About this exercise:
In the material below, the required lines run from the one containing "5) To find the" through the one containing "Answer: The probability". Copy those lines exactly, ends included, and nothing else.

Materials provided:
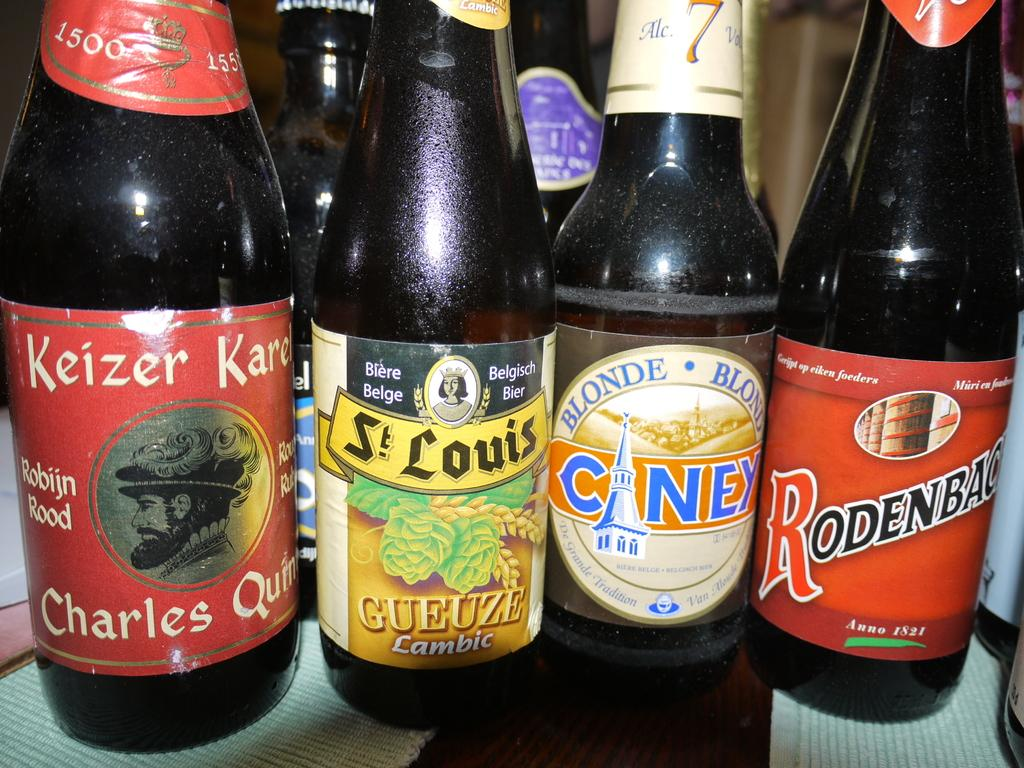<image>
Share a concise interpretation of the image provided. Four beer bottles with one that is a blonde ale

...

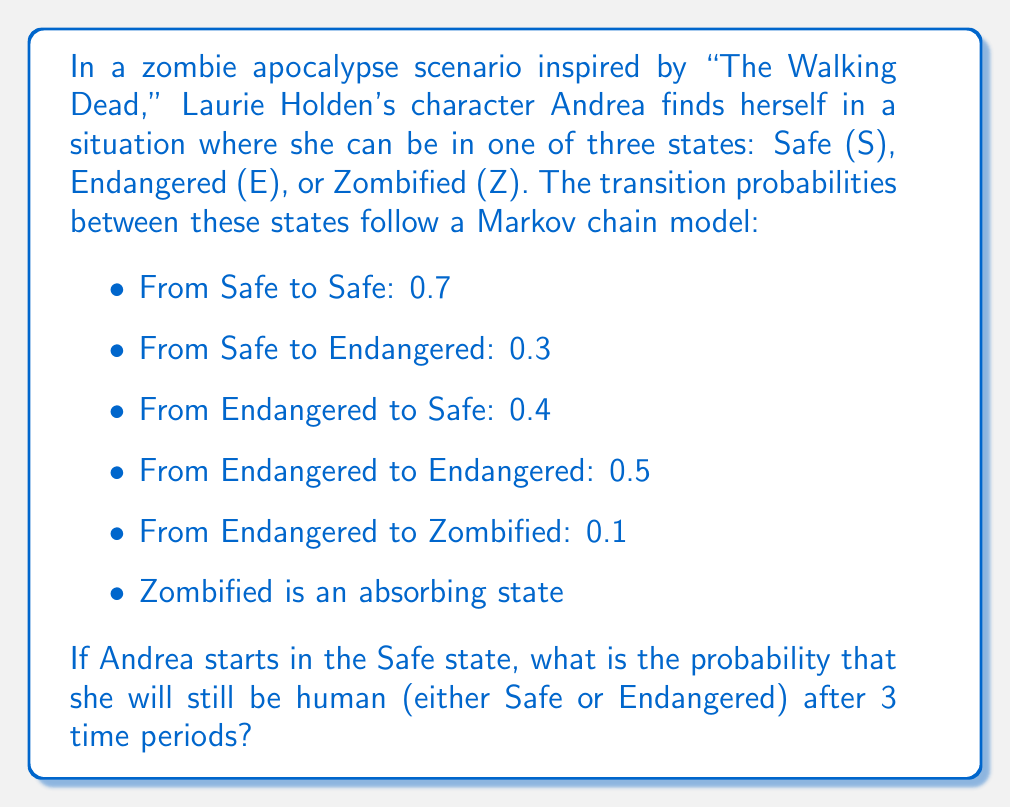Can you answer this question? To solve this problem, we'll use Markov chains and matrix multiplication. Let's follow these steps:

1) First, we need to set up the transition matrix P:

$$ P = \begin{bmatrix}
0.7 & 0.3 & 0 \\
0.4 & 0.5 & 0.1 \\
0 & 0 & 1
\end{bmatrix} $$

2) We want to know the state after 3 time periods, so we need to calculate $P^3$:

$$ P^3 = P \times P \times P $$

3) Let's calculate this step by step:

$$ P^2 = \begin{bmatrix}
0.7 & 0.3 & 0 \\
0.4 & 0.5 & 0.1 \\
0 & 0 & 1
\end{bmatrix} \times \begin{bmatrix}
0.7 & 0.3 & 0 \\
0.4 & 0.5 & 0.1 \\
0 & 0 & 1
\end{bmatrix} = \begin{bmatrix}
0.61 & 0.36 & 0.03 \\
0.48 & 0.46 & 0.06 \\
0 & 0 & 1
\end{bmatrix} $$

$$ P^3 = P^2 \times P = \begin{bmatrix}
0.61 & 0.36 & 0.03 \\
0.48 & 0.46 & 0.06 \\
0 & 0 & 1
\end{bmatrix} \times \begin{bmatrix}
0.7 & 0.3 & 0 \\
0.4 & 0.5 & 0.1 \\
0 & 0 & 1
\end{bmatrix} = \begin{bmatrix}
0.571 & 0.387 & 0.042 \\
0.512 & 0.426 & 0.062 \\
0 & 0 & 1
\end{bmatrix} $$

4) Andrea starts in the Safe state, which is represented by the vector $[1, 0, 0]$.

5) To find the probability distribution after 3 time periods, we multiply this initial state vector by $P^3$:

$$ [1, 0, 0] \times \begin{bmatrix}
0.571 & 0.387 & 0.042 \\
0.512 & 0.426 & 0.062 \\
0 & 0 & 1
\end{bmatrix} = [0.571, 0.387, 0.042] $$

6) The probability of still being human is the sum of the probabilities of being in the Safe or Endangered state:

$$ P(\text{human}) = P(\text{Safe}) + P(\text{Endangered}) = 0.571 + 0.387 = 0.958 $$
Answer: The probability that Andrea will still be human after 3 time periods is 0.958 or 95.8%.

Reply to the task:
5) To find the probability distribution after 3 time periods, we multiply this initial state vector by $P^3$:

$$ [1, 0, 0] \times \begin{bmatrix}
0.571 & 0.387 & 0.042 \\
0.512 & 0.426 & 0.062 \\
0 & 0 & 1
\end{bmatrix} = [0.571, 0.387, 0.042] $$

6) The probability of still being human is the sum of the probabilities of being in the Safe or Endangered state:

$$ P(\text{human}) = P(\text{Safe}) + P(\text{Endangered}) = 0.571 + 0.387 = 0.958 $$
Answer: The probability that Andrea will still be human after 3 time periods is 0.958 or 95.8%.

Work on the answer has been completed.